**Instructions for the task**
Wherever "Dark" turns up in the entries, copy out the line that holds it.

==== Supplied entries ====

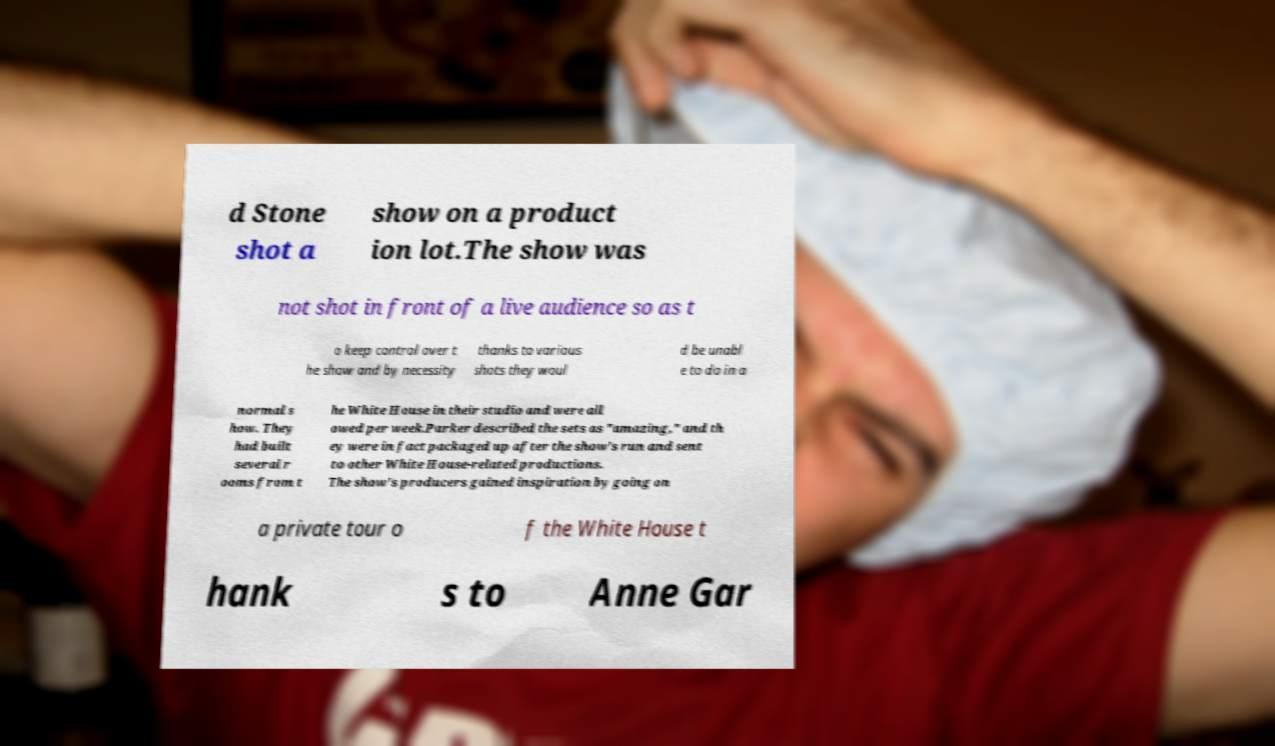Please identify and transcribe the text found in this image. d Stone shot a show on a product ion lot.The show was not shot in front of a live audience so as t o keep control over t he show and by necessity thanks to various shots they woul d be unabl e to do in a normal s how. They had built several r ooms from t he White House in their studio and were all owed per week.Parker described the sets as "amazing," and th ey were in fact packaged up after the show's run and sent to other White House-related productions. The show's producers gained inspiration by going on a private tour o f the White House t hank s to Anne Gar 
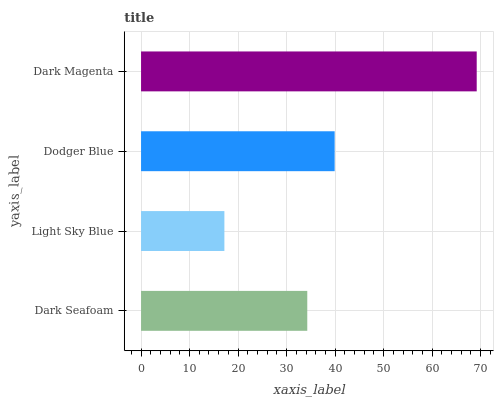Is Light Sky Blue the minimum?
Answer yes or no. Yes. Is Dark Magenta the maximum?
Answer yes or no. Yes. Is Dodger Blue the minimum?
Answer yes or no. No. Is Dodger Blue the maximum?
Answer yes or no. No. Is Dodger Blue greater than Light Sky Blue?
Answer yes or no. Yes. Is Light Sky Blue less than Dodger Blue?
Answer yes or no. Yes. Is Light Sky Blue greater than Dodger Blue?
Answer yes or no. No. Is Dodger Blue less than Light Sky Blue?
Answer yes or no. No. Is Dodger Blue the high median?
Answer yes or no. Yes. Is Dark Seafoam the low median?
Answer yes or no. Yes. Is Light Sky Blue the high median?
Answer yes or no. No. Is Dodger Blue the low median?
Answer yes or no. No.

====

**Solution**
Answer yes or no. Yes. Is Dark Magenta the maximum?
Answer yes or no. Yes. Is Dark Seafoam the low median?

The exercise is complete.